• AIM OF THE EXERCISE
Copy out each line of the data that includes the string "Convert".

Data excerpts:
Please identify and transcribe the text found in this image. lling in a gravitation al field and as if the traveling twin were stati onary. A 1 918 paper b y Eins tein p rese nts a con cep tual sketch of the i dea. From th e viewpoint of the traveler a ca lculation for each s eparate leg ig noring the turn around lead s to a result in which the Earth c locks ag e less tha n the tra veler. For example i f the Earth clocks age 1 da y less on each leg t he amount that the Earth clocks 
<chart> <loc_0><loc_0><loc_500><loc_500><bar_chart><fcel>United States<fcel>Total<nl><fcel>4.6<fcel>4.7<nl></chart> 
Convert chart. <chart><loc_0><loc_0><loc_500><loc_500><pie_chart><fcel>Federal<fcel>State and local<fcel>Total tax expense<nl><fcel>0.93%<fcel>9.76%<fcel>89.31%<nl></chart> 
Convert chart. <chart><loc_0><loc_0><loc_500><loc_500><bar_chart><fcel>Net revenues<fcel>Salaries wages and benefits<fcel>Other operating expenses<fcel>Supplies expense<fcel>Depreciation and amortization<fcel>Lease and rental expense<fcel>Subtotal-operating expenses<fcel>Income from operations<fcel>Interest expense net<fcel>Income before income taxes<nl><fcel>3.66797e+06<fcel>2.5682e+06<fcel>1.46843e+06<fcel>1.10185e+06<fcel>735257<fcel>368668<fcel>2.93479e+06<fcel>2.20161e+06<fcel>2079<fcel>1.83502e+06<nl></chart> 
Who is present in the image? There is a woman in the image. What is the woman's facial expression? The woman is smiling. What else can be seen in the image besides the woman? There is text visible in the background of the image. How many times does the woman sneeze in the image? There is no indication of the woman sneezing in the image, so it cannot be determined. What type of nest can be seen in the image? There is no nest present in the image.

• ANSWER
Convert chart. <chart><loc_0><loc_0><loc_500><loc_500><pie_chart><fcel>Federal<fcel>State and local<fcel>Total tax expense<nl><fcel>0.93%<fcel>9.76%<fcel>89.31%<nl></chart> 
Convert chart. <chart><loc_0><loc_0><loc_500><loc_500><bar_chart><fcel>Net revenues<fcel>Salaries wages and benefits<fcel>Other operating expenses<fcel>Supplies expense<fcel>Depreciation and amortization<fcel>Lease and rental expense<fcel>Subtotal-operating expenses<fcel>Income from operations<fcel>Interest expense net<fcel>Income before income taxes<nl><fcel>3.66797e+06<fcel>2.5682e+06<fcel>1.46843e+06<fcel>1.10185e+06<fcel>735257<fcel>368668<fcel>2.93479e+06<fcel>2.20161e+06<fcel>2079<fcel>1.83502e+06<nl></chart> 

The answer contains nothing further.